8. When are you planning to buy the system?
Ans: A day or two

9. Have you ever built a desktop before or will this be done by an assembler?
Ans: It's a laptop.

10. Where do you live? Are you buying locally? Are you open to buying stuff from online shops if you don't get locally?
Ans: Local

11. Anything else which you would like to say?
Ans: n/a

Enjoy~!


----------



## powerstarprince (Jun 17, 2013)

Few options for you, HP Pavilion m4-1003tx Notebook PC (D9G74PA) | HP® India @ 49k
Dell Inspiron 14R SE Laptop (3rd Gen Ci5/ 4GB/ 500GB/ Win8/ 2GB Graph) - Dell: Flipkart.com
ASUS K55VJ-SX120D Laptop (Intel Core i5 3210- 8GB RAM- 750GB HDD- 15.6 Inches- DOS- 2GB Graph) (Dark Indigo Glossy IMR) - Buy Online @ Best Price | Snapdeal.com
Samsung NP370R5E-S05IN Notebook ( Intel Core i5-3230M/6 GB/1 TB HDD/ Win8/ 2 GB Graphics-AMD-8750M /15.6 Inch) - Buy Online @ Best Price | Snapdeal.com


----------



## SunE (Jun 17, 2013)

Samsung NP550P5C-S04IN Ultrabook (3rd Gen Ci5-3210M/ 6GB/ 1 TB/ Win8/ 2GB Graph-Nvidia GeForce GT 650M) - Buy Online @ Best Price | Snapdeal.com

A bit over your budget but the GT 650M GPU kinda makes up for it.


----------



## omega44-xt (Jun 17, 2013)

SunE said:


> Samsung NP550P5C-S04IN Ultrabook (3rd Gen Ci5-3210M/ 6GB/ 1 TB/ Win8/ 2GB Graph-Nvidia GeForce GT 650M) - Buy Online @ Best Price | Snapdeal.com
> 
> A bit over your budget but the GT 650M GPU kinda makes up for it.



Get this or



shadow said:


> Samsung NP370R5E-S05IN Notebook ( Intel Core i5-3230M/6 GB/1 TB HDD/ Win8/ 2 GB Graphics-AMD-8750M /15.6 Inch) - Buy Online @ Best Price | Snapdeal.com



this...


----------



## SunE (Jun 17, 2013)

Samsung NP370R5E-S05IN Notebook ( Intel Core i5-3230M/6 GB/1 TB HDD/ Win8/ 2 GB Graphics-AMD-8750M /15.6 Inch) - Buy Online @ Best Price | Snapdeal.com

Is snapdeal reliable? The price of seems way lower than on other sites or even the Samsung e-store.


----------



## speedyguy (Jun 17, 2013)

Thanks for your advices. Looking into all of them. Sorry I made the hard disk requirement to 0.5 TB (had written 5TB :O ).

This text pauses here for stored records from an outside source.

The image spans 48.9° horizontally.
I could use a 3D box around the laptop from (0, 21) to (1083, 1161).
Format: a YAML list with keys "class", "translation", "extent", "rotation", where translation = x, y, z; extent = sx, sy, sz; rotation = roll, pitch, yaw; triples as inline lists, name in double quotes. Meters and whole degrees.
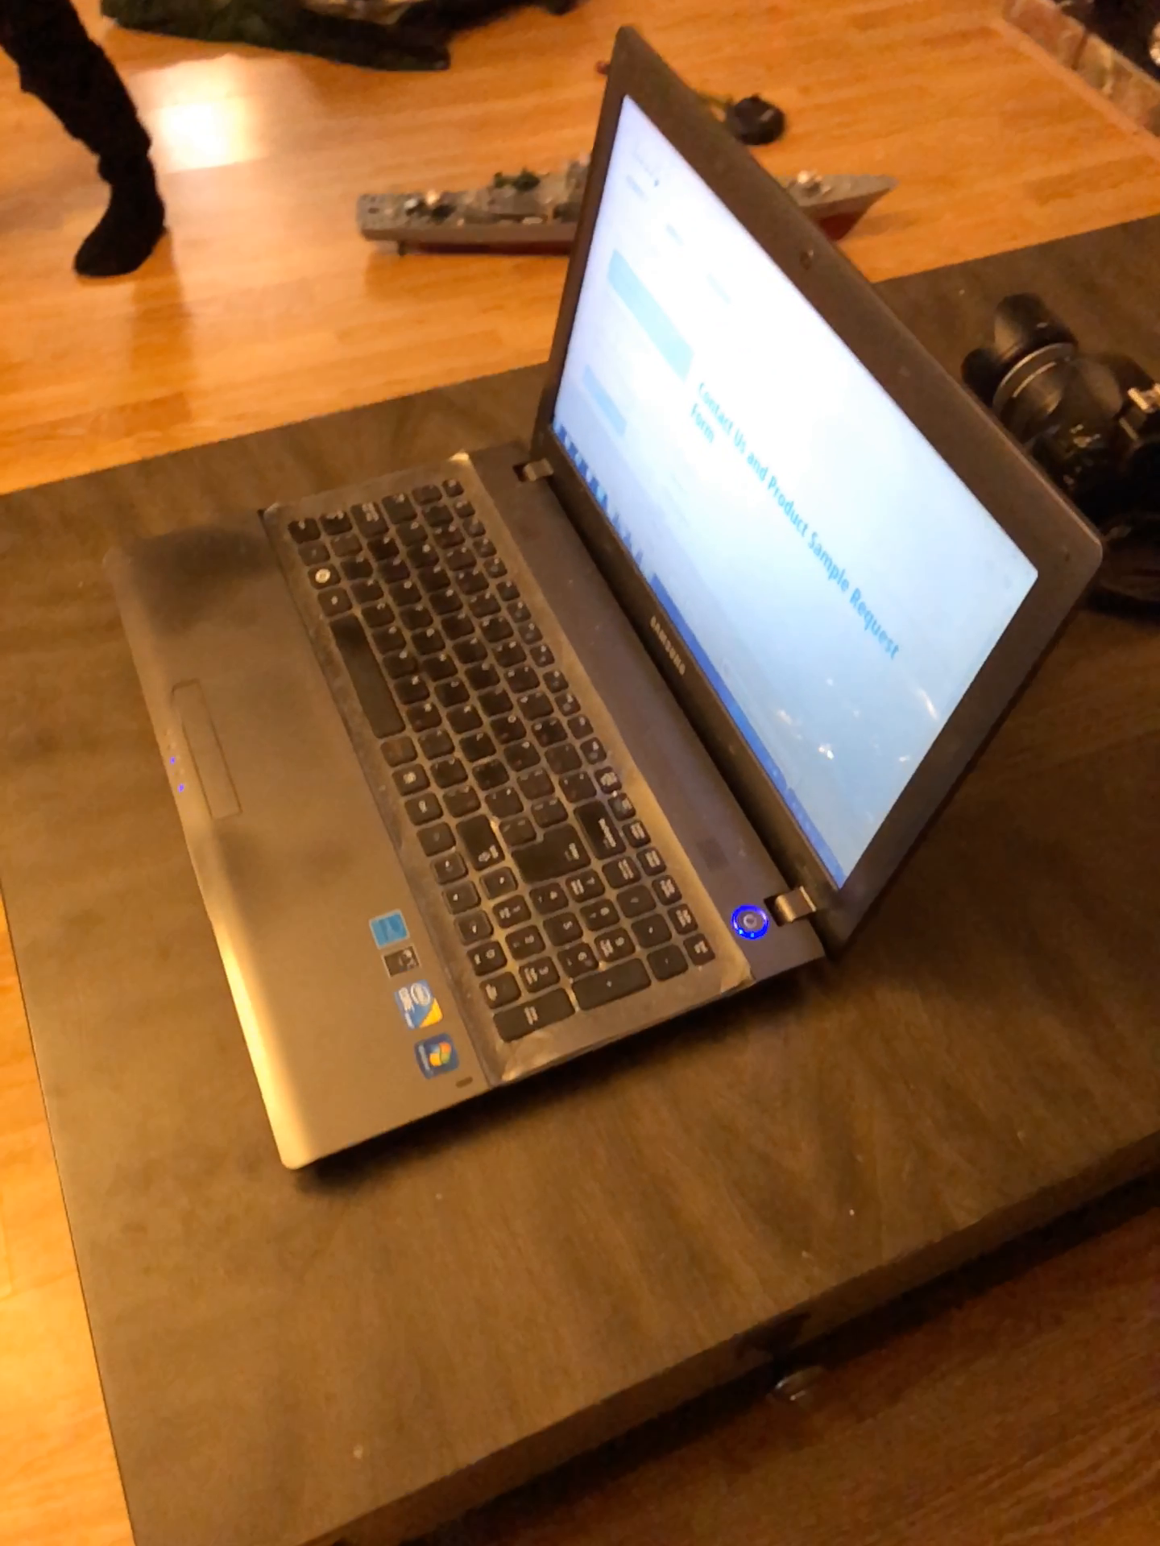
- class: "laptop"
  translation: [-0.052, -0.100, 0.563]
  extent: [0.308, 0.231, 0.369]
  rotation: [-19, 58, -15]

Moreover, are we still into HP laptops running out due to overheating issues. I had faced it and that was their bad time. But I'm talking about some 4-5 years back. Have no idea now. 

Enjoy~!


----------



## dashing.sujay (Jun 17, 2013)

SunE said:


> Samsung NP370R5E-S05IN Notebook ( Intel Core i5-3230M/6 GB/1 TB HDD/ Win8/ 2 GB Graphics-AMD-8750M /15.6 Inch) - Buy Online @ Best Price | Snapdeal.com
> 
> Is snapdeal reliable? The price of seems way lower than on other sites or even the Samsung e-store.



^I was quoted 44k for the same laptop in Samsung exclusive store. And the sales girl clearly showed the bargain difference which was to be done If I finalised the order.

@OP - Chuck the HP you provided link of due to the fact it has 7670M, which is almost obscure now. 650M is your best bet.

And 5TB is not possible in laptops until you get multiple bays.

And there is no more heating issues in HP which used to be pavillion series.

PS: you filled up PC questionnaire


----------



## SunE (Jun 17, 2013)

dashing.sujay said:


> ^I was quoted 44k for the same laptop in Samsung exclusive store. And the sales girl clearly showed the bargain difference which was to be done If I finalised the order.



Ok thanks for the info.

BTW OP wants .5 TB or 500 GB as he has now mentioned. 5 was a typo


----------



## Harsh Pranami (Jun 18, 2013)

S04in is worthy of that some extra bucks considering the 650gt. My roommate owns 650gt lappy (a dell one). Believe me, It's amazing.


----------